Even when CAR T cells do infiltrate a solid tumor, the environment inside actively suppresses them. Tumors create conditions that exhaust T cells and strip away their ability to kill. On top of that, solid tumors are genetically diverse. Cancer cells within the same tumor may carry different surface proteins, so even if CAR T cells destroy cells displaying the target, other cells without that target survive and grow back. This phenomenon, called antigen escape, is one of the biggest obstacles in the field.
Cost of Treatment
CAR T-cell therapy is one of the most expensive treatments in medicine. The 2025 wholesale list prices for three of the major products illustrate the scale: Kymriah costs $593,533, Breyanzi costs $531,350, and Yescarta costs $503,580. These figures cover only the drug itself and don’t include hospitalization, the lymphodepletion chemotherapy, monitoring, or management of side effects, all of which add substantially to the total bill.

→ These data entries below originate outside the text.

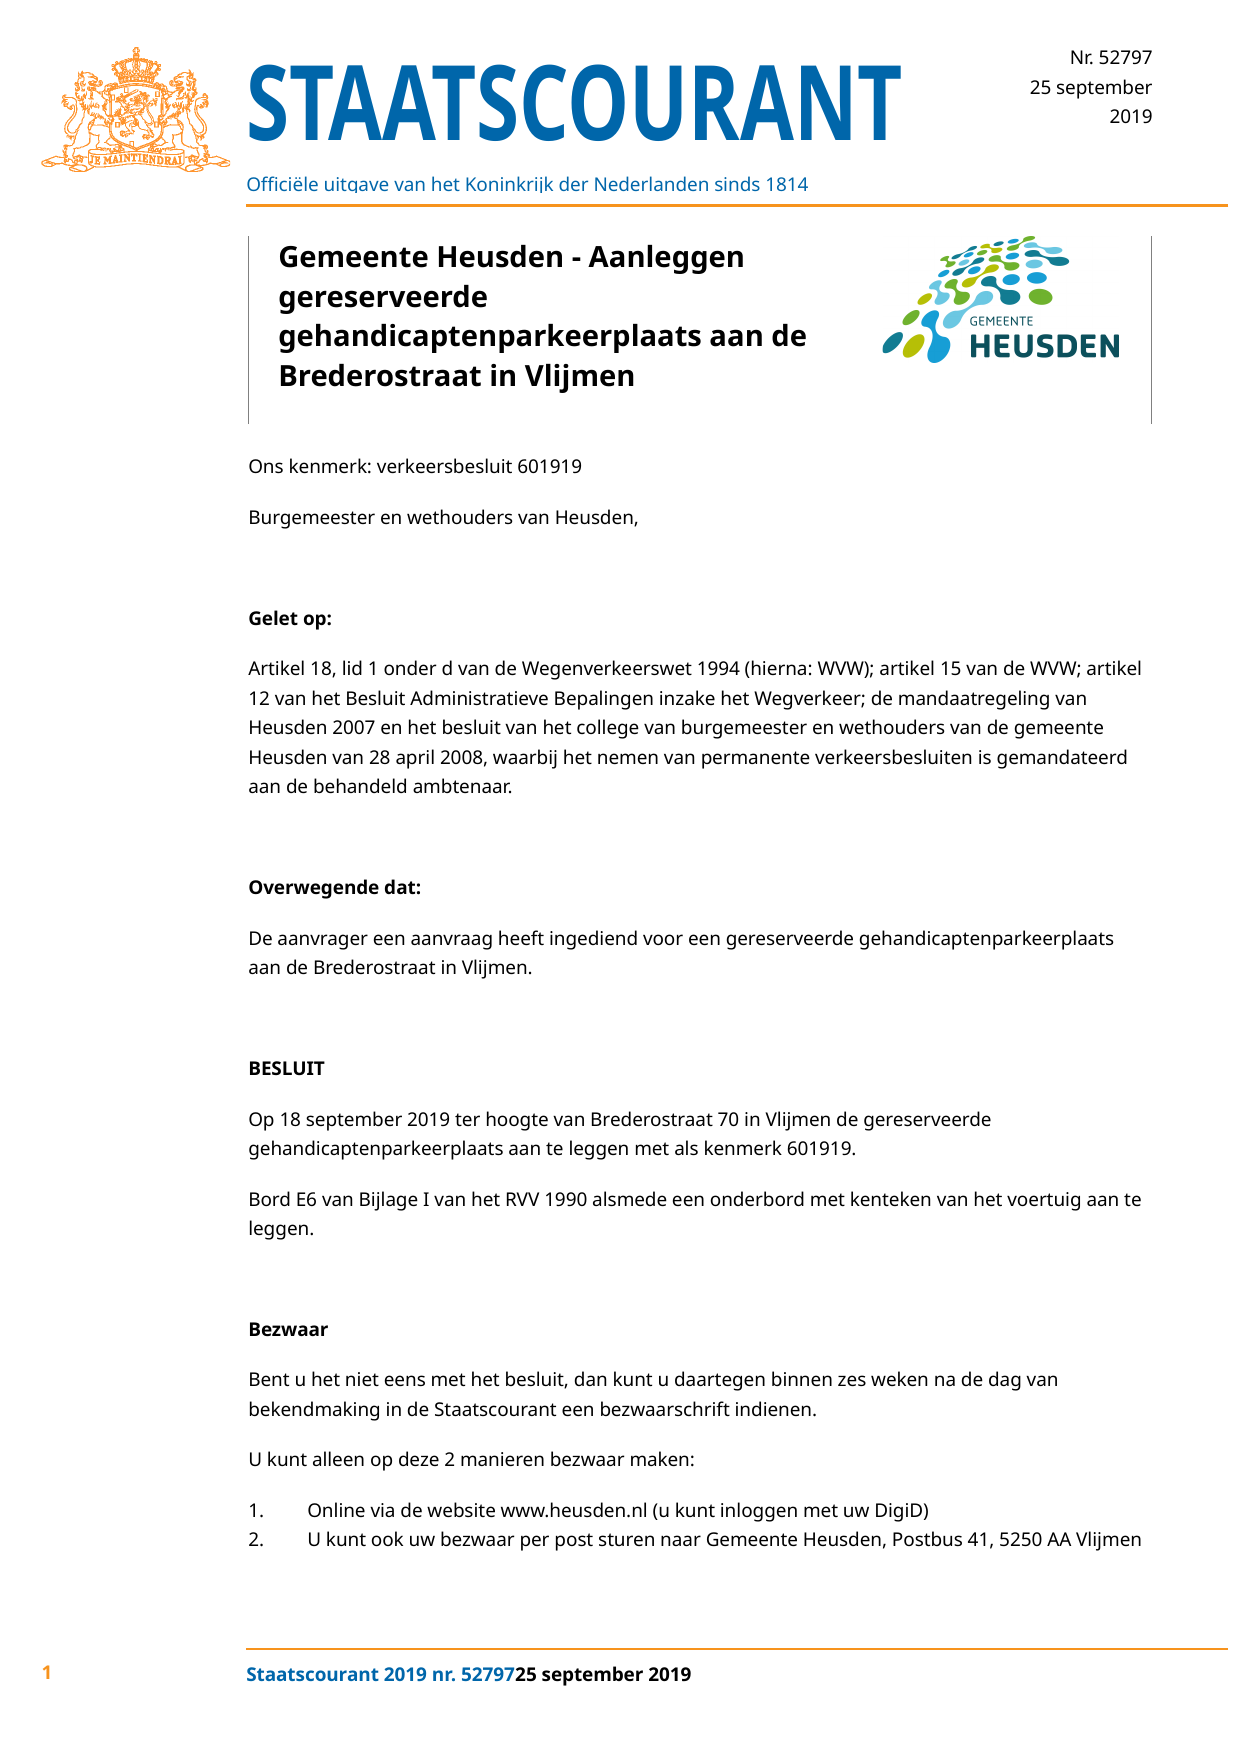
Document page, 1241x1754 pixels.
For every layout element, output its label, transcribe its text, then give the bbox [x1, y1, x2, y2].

text Bezwaar [248, 1316, 1152, 1342]
table_header [850, 236, 1151, 424]
picture [882, 236, 1119, 363]
text Overwegende dat: [248, 874, 1152, 900]
list U kunt ook uw bezwaar per post sturen naar Gemeente Heusden, Postbus 41, 5250 AA Vlijmen [248, 1527, 1152, 1552]
text Ons kenmerk: verkeersbesluit 601919 [248, 454, 1152, 479]
text De aanvrager een aanvraag heeft ingediend voor een gereserveerde gehandicaptenparkeerplaats aan de Brederostraat in Vlijmen. [248, 925, 1152, 980]
text Artikel 18, lid 1 onder d van de Wegenverkeerswet 1994 (hierna: WVW); artikel 15 van de WVW; artikel 12 van het Besluit Administratieve Bepalingen inzake het Wegverkeer; de mandaatregeling van Heusden 2007 en het besluit van het college van burgemeester en wethouders van de gemeente Heusden van 28 april 2008, waarbij het nemen van permanente verkeersbesluiten is gemandateerd aan de behandeld ambtenaar. [248, 655, 1152, 799]
table_header Gemeente Heusden - Aanleggen gereserveerde gehandicaptenparkeerplaats aan de Brederostraat in Vlijmen [249, 236, 850, 424]
text Bent u het niet eens met het besluit, dan kunt u daartegen binnen zes weken na de dag van bekendmaking in de Staatscourant een bezwaarschrift indienen. [248, 1367, 1152, 1422]
text Burgemeester en wethouders van Heusden, [248, 504, 1152, 530]
text Gelet op: [248, 605, 1152, 631]
picture [41, 47, 231, 172]
list Online via de website www.heusden.nl (u kunt inloggen met uw DigiD) [248, 1497, 1152, 1523]
text Bord E6 van Bijlage I van het RVV 1990 alsmede een onderbord met kenteken van het voertuig aan te leggen. [248, 1186, 1152, 1241]
text Op 18 september 2019 ter hoogte van Brederostraat 70 in Vlijmen de gereserveerde gehandicaptenparkeerplaats aan te leggen met als kenmerk 601919. [248, 1106, 1152, 1161]
text U kunt alleen op deze 2 manieren bezwaar maken: [248, 1447, 1152, 1472]
text BESLUIT [248, 1055, 1152, 1081]

Most patients receive CAR T therapy through insurance, and hospitals negotiate rates that vary widely. Private insurers paid hospitals an average of 254% of Medicare prices for hospital care in 2022, which means the actual amount billed depends heavily on your coverage. Newer manufacturing approaches, including point-of-care production that can cut the vein-to-vein timeline to 7 to 14 days, could eventually reduce costs by eliminating the need to ship cells to a centralized facility and shortening the wait that sometimes requires expensive bridging chemotherapy.